# pickling and preserving.....



## shroomgirl (Aug 11, 2000)

today was preservation day at the kitchen......I'd bought cases of produce for parties last weekend and needed to make sure the remainder was stored well......it's always interesting putting up "fruffy shtuff" most pickling books either overcook or just have recipes that don't sound right to me.

So today I had apricots, made jam with vanilla bean, orange zest and sugar....cooked the apricot quarters for 30 minutes or so until thick then jarred. Anyone remember adding apricot seeds (shelled) to their jam? I'm usually a low sugar Sure Jell fan but didn't have any so winged it.....all the recipes I came across said to peel the apricots. didn't, and it seemed ok.

Rhubarb....again jam, with sugar, orange zest and candied ginger bits....turned out really well, will probably pull the 2 gallons of raw frozen out and turn them into jam tomorrow.

Tomatoes....1/2 cs of plum tomatoes. I halved them then baked on low for 2 hours.....put 1/2 in the freezer the other half I put rosemary twigs and hot olive oil over the top a bit of basalmic and stuck them in the fridge....not sure if they needed more acid for a longer fridge life....thoughts?

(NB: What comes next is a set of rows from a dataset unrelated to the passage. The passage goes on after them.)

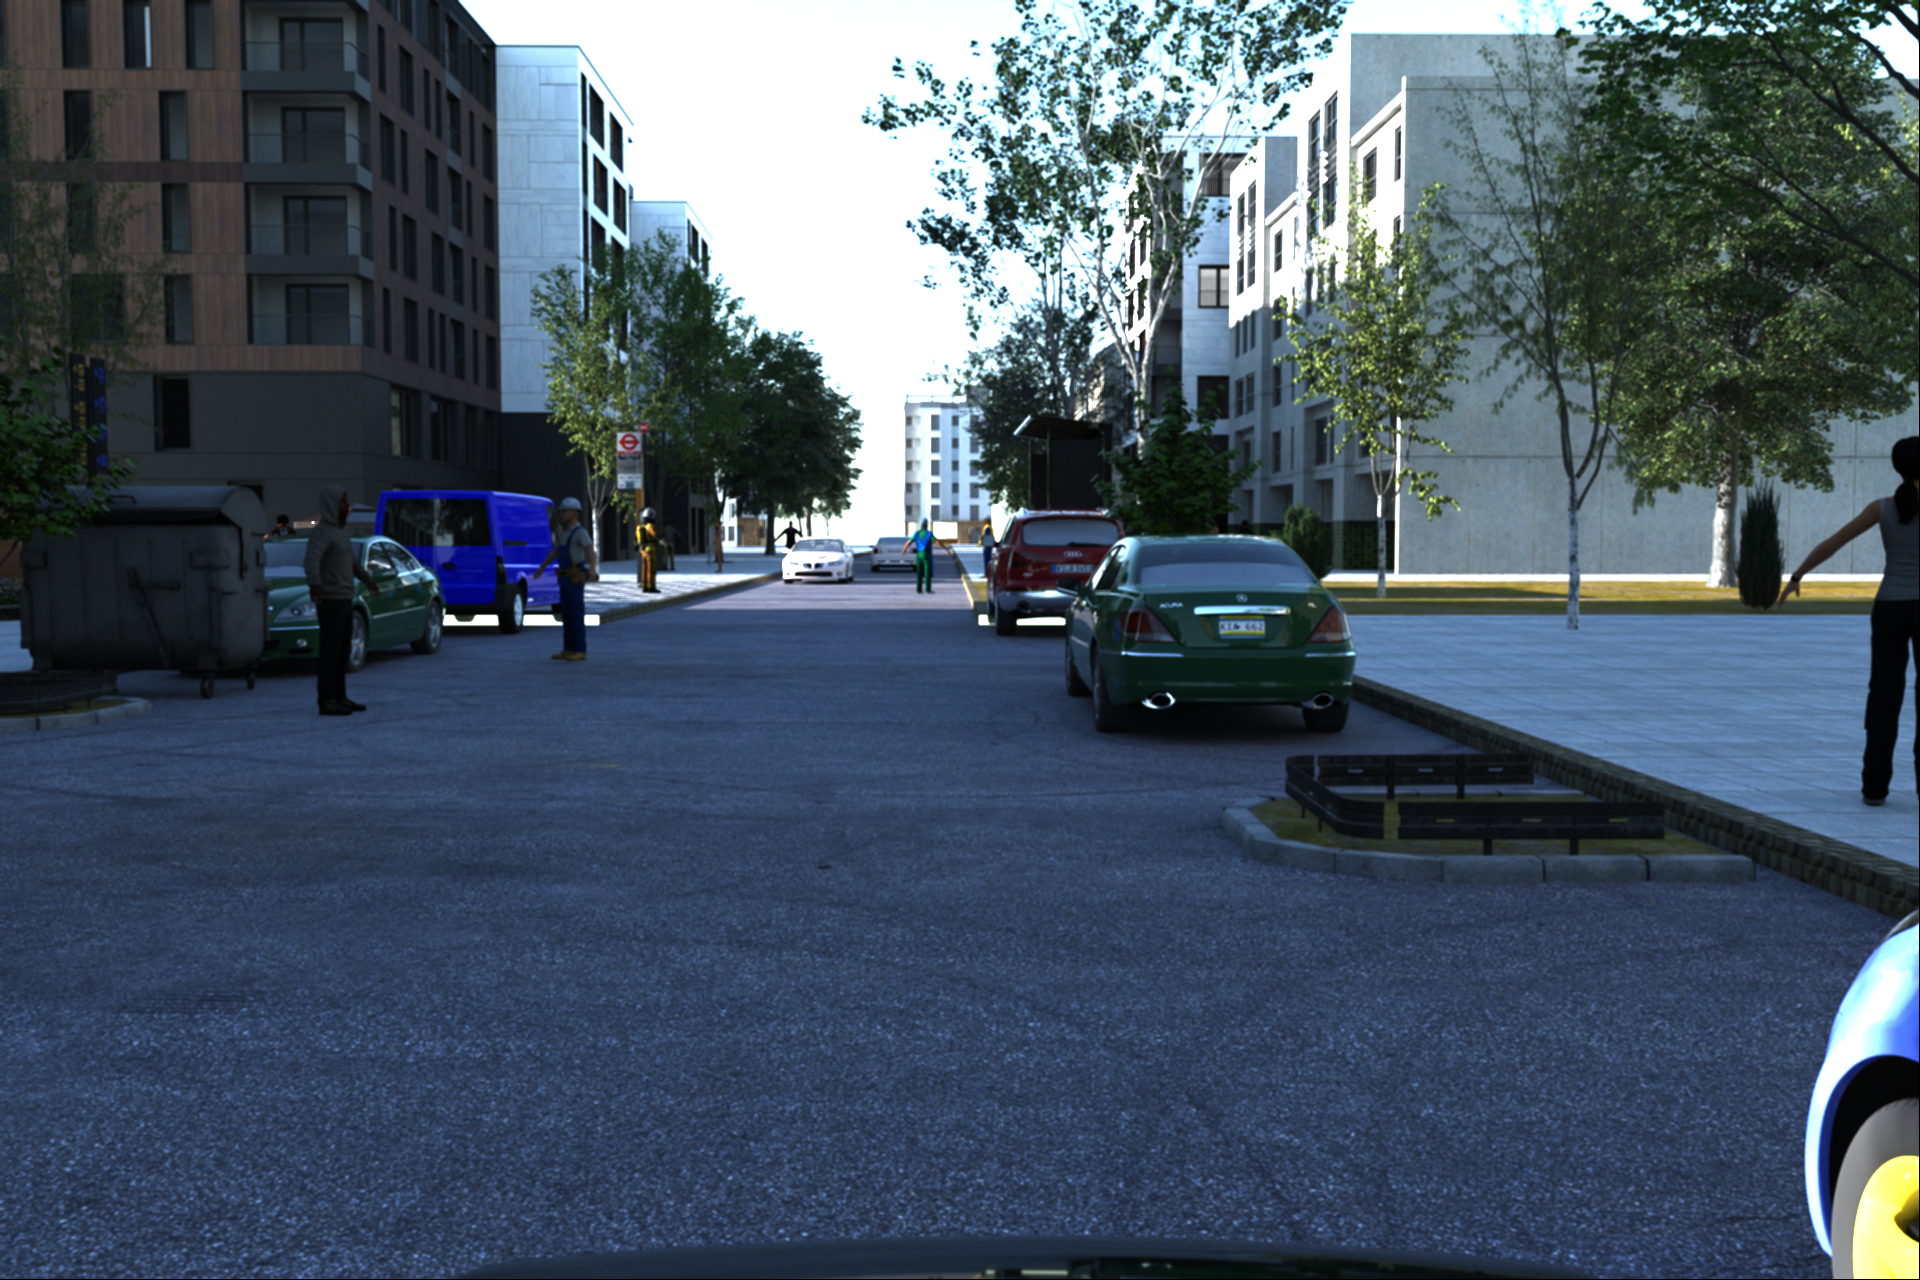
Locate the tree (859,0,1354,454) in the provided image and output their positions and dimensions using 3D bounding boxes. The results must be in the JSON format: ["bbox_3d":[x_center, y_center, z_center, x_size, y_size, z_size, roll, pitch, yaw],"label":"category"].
[{"bbox_3d":[4.046,-11.825,49.233,12.611,20.169,13.585,0,3,0],"label":"tree"}]

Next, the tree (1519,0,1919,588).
[{"bbox_3d":[18.492,-8.252,41.583,9.857,13.997,8.962,0,3,0],"label":"tree"}]

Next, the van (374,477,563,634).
[{"bbox_3d":[-7.279,-1.354,26.521,2.240,2.365,5.245,0,4,-1],"label":"van"}]

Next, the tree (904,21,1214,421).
[{"bbox_3d":[3.088,-12.916,67.059,12.611,20.169,13.585,0,3,0],"label":"tree"}]

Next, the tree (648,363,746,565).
[{"bbox_3d":[-10.487,-7.374,70.921,4.737,8.622,4.395,0,3,0],"label":"tree"}]

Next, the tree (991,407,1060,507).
[{"bbox_3d":[3.867,-8.705,92.690,4.737,8.622,4.395,0,3,0],"label":"tree"}]

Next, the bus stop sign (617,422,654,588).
[{"bbox_3d":[-7.754,-3.225,41.436,0.855,3.939,0.416,0,4,1],"label":"bus stop sign"}]

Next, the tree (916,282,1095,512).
[{"bbox_3d":[2.987,-16.890,132.033,12.611,20.169,13.585,0,3,0],"label":"tree"}]

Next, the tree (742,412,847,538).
[{"bbox_3d":[-11.223,-11.333,119.702,7.601,10.594,8.767,1,4,22],"label":"tree"}]

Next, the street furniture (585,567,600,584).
[{"bbox_3d":[-14.342,-1.717,43.696,10.072,0.657,5.734,0,4,-5],"label":"street furniture"}]

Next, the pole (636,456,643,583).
[{"bbox_3d":[-8.345,-3.138,45.156,0.158,3.312,0.155,0,3,0],"label":"pole"}]

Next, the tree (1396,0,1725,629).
[{"bbox_3d":[8.463,-4.461,23.303,4.360,8.622,3.978,0,3,0],"label":"tree"}]

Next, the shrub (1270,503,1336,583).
[{"bbox_3d":[8.041,-2.263,41.035,1.661,2.075,1.752,0,3,0],"label":"shrub"}]

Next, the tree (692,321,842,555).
[{"bbox_3d":[-11.554,-12.131,104.992,9.857,13.997,8.962,0,3,0],"label":"tree"}]

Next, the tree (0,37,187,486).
[{"bbox_3d":[-13.872,-4.669,26.695,4.360,8.622,3.978,0,3,0],"label":"tree"}]

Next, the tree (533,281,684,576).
[{"bbox_3d":[-10.525,-6.136,50.688,4.737,8.622,4.395,0,3,0],"label":"tree"}]

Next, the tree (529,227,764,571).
[{"bbox_3d":[-10.664,-8.224,60.220,9.928,11.665,9.643,0,3,0],"label":"tree"}]

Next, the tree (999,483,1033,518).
[{"bbox_3d":[8.482,-17.451,219.740,7.601,10.594,8.767,0,4,3],"label":"tree"}]

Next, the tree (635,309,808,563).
[{"bbox_3d":[-10.719,-9.278,77.451,9.928,11.665,9.643,0,3,0],"label":"tree"}]

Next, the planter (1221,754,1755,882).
[{"bbox_3d":[2.280,0.796,8.125,1.991,0.319,1.994,0,4,-1],"label":"planter"}]

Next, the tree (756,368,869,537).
[{"bbox_3d":[-11.773,-13.842,132.969,9.857,13.997,8.962,0,3,0],"label":"tree"}]

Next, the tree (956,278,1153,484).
[{"bbox_3d":[4.764,-10.554,82.921,12.009,13.543,11.850,0,3,0],"label":"tree"}]

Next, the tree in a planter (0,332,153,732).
[{"bbox_3d":[-7.479,-0.986,13.342,1.991,3.239,1.994,0,4,0],"label":"tree in a planter"}]

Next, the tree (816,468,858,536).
[{"bbox_3d":[-16.903,-17.958,219.372,9.928,11.665,9.643,0,3,0],"label":"tree"}]

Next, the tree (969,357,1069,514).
[{"bbox_3d":[4.039,-11.813,111.266,7.486,12.596,7.792,0,3,0],"label":"tree"}]

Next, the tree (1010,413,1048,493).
[{"bbox_3d":[4.399,-9.163,100.172,4.360,8.622,3.978,0,3,0],"label":"tree"}]

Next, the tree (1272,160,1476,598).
[{"bbox_3d":[8.298,-5.120,34.069,4.737,8.622,4.395,0,3,0],"label":"tree"}]

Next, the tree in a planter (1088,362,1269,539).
[{"bbox_3d":[2.237,-1.273,18.042,1.991,3.239,1.994,0,4,-1],"label":"tree in a planter"}]

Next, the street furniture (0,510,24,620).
[{"bbox_3d":[-16.470,-1.245,27.217,11.010,1.723,9.812,2,4,25],"label":"street furniture"}]

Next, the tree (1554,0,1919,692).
[{"bbox_3d":[8.390,-5.382,13.744,9.928,11.665,9.643,0,3,0],"label":"tree"}]

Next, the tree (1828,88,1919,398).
[{"bbox_3d":[16.087,-4.753,28.080,4.737,8.622,4.395,0,3,0],"label":"tree"}]

baby artichokes....man oh man, they are my weekness and such a pain. $48 a cs, $300 labor ....just kidding, but sure seemed that way. Anyway. I blanched them, froze 1/2 the batch then put lemon slices in the bottom of a jar and then the artichokes alittle salt then hot oil.....again I'm unsure if the 1/2 lemon will be enough to stablize the chokes. thoughts?

Beets...boiled, peeled then fragrant hot vinegar over a couple jars....two others I processed and have a feeling that the beets will be way over cooked.

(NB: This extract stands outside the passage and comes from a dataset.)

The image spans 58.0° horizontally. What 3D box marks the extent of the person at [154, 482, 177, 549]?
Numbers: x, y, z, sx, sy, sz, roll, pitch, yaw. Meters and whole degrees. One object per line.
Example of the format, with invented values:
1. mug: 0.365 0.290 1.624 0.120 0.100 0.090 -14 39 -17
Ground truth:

Several other chefs in town are pickling....it's fun to see what everyone is doing. Josh at American Place pickled white asparagus, he's making mayhaw jelly today (I swear this 29 year old guy has the soul of a grandmother....a southern one at that.) He comes up with old world foraged produce that is rare even where it's found.
Andy White at Balabans is pickling cukes, cauliflower with turimeric, onions that are pink....saurkraut, peppers....he's pickling corn beef.....
Justine Keimon at Franco's is pickling beets and kholrabi....really good spice mix.

Some are mixing a higher percentage of water with viniager.....I usually go the other way. So, who out there is preserving? How are you going about it?


----------



## thetincook (Jun 14, 2002)

Artichokes...Don't most commercial canned artichokes use a lot of vitamin C to keep the color? 

What are you using for containers? Cambros or the big mason jars? I was thinking of trying out sousvide bags for canning.

I always figured the rule of thumb was 50/50 water to vin, but I use more vin with beets. Funny thing about beets, is that at work we just ended up marinating canned beets in the pickle liquid rather then starting from scratch.

This is just personal stuff, the job just buys kosher dills:

Kimchi...My second ever batch of kimchi is finishing aging a month ago. I used napa cabbage, chile piqun powder, ginger, garlic, kosher salt, rice flour, and a very little water. I goofed, and forgot to rinse the salt off the cabbage after purging, so its salty. I've been using it as a seasoning rather then a side dish.

Cherries...If I can get a good deal on cherries this year, I'm going to make "Cherrybim" cherries preserved in whiskey with sugar.

Onions...I'm also going to to make the pickled onions again from the Zuni Cafe cookbook. very good with sammichs.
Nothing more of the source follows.